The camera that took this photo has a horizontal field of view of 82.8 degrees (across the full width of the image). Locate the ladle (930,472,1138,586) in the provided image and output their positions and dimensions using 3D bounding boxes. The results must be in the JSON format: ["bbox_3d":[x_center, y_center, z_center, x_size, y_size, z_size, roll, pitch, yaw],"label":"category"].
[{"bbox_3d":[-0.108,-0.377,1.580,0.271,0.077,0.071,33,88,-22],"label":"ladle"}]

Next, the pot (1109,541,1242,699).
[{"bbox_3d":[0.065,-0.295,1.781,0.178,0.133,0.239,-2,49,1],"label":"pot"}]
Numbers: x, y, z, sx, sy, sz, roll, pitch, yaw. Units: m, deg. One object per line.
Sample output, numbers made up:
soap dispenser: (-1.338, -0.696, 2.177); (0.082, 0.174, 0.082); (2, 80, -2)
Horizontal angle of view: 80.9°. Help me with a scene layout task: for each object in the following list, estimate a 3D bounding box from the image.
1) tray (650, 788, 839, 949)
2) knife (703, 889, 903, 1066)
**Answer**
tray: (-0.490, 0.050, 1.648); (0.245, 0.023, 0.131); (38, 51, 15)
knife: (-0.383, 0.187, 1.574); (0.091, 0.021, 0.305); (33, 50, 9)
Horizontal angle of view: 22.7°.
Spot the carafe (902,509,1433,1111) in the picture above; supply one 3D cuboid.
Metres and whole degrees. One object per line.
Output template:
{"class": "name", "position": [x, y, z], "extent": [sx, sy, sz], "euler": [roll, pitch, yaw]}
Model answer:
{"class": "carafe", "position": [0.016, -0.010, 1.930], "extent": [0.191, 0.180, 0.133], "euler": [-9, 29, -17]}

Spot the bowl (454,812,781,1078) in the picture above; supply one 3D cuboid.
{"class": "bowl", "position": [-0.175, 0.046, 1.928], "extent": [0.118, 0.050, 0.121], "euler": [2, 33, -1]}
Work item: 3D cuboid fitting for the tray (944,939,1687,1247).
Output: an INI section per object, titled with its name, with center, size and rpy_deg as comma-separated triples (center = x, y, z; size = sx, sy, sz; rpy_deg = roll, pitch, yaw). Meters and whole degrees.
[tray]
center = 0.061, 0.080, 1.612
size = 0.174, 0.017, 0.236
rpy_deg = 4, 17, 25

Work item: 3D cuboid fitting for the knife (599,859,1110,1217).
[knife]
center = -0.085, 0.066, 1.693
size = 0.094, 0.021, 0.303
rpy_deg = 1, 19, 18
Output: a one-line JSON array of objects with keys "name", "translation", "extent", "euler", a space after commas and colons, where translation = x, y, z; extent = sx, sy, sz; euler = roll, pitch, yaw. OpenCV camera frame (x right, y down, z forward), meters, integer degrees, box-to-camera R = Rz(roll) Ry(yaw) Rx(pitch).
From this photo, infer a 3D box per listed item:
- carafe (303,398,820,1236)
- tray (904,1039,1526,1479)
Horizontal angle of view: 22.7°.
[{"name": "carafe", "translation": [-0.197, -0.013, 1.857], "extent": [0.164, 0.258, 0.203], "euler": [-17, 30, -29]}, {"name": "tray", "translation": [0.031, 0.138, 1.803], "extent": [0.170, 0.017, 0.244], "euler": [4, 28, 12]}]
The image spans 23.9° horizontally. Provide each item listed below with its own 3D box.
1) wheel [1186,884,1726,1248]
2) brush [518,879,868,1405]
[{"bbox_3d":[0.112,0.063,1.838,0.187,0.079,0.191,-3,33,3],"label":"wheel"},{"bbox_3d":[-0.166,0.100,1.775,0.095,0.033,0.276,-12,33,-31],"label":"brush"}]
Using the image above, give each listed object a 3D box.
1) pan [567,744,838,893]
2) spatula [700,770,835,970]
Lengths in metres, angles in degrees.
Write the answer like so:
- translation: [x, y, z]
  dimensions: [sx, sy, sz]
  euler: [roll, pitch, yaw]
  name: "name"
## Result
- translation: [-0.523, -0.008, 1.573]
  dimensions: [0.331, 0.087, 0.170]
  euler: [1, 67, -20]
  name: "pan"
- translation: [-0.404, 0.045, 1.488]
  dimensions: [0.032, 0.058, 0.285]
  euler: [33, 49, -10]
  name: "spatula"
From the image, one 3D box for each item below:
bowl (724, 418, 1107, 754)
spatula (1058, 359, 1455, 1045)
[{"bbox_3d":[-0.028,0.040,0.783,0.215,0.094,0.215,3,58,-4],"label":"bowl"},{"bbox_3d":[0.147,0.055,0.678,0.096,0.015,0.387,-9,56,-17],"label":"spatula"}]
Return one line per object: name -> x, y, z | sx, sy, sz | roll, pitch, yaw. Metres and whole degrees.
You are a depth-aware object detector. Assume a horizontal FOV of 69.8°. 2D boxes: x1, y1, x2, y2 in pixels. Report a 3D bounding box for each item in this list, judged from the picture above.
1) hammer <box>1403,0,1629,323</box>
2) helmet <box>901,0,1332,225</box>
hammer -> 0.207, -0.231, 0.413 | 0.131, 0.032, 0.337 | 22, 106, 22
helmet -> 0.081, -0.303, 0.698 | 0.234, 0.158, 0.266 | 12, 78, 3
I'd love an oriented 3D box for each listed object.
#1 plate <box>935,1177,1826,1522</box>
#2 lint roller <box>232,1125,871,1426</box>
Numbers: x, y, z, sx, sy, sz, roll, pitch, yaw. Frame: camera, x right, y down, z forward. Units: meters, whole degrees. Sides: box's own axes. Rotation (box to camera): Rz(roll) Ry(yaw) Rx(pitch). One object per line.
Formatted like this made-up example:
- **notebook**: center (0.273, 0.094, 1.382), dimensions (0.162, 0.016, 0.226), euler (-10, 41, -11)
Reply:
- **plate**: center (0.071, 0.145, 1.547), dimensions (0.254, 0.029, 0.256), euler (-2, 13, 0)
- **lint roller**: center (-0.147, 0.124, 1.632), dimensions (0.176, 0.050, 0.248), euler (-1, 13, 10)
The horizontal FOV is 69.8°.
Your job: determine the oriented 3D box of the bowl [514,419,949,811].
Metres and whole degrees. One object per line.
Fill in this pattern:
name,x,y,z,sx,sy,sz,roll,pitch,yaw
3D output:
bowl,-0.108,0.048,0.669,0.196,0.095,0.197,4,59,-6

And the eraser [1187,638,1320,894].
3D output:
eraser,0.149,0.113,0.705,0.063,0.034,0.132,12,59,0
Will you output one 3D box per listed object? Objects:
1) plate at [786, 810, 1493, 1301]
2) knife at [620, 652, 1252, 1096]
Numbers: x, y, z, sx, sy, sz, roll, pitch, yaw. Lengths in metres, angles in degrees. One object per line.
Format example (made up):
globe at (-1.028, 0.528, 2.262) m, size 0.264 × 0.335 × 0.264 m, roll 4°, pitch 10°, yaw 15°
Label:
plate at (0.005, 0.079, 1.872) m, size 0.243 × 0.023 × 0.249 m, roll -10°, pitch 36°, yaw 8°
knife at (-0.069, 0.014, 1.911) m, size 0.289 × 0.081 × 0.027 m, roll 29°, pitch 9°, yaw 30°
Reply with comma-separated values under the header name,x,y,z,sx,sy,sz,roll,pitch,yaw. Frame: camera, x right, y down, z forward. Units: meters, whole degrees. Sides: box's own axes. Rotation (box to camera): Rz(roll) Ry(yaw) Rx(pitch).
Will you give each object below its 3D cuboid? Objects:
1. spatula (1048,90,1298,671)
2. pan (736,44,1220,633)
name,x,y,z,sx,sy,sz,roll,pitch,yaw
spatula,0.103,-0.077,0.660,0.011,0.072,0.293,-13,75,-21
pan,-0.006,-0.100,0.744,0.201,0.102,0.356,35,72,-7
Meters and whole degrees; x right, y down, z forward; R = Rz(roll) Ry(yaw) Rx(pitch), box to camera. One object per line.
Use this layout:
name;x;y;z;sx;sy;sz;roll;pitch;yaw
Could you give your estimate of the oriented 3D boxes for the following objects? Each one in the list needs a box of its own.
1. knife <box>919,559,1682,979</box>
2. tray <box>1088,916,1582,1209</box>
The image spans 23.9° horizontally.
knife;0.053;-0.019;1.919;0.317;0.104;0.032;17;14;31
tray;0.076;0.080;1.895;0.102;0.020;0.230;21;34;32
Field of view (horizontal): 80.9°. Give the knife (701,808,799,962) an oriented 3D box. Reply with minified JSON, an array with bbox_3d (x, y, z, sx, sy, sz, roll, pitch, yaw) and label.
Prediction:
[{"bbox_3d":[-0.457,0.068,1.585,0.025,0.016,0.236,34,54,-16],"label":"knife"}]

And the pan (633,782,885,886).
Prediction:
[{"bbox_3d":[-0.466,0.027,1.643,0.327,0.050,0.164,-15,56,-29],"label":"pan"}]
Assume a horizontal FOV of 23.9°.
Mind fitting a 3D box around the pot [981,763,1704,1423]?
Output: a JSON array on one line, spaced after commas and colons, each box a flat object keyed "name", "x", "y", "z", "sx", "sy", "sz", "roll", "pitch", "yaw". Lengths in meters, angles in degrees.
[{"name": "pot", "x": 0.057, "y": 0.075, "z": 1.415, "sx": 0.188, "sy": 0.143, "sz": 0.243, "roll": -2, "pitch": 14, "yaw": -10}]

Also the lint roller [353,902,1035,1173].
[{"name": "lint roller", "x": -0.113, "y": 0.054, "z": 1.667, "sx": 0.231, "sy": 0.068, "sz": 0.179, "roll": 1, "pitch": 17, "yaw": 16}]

* * *

# Task directions
Within the listing above, the range opens at the line with "Assume a horizontal FOV of 23.9°." and closes at the line with "Mind fitting a". Reproduce exactly the lines of that range, including both ends.

# Solution below
Assume a horizontal FOV of 23.9°.
Mind fitting a 3D box around the pot [981,763,1704,1423]?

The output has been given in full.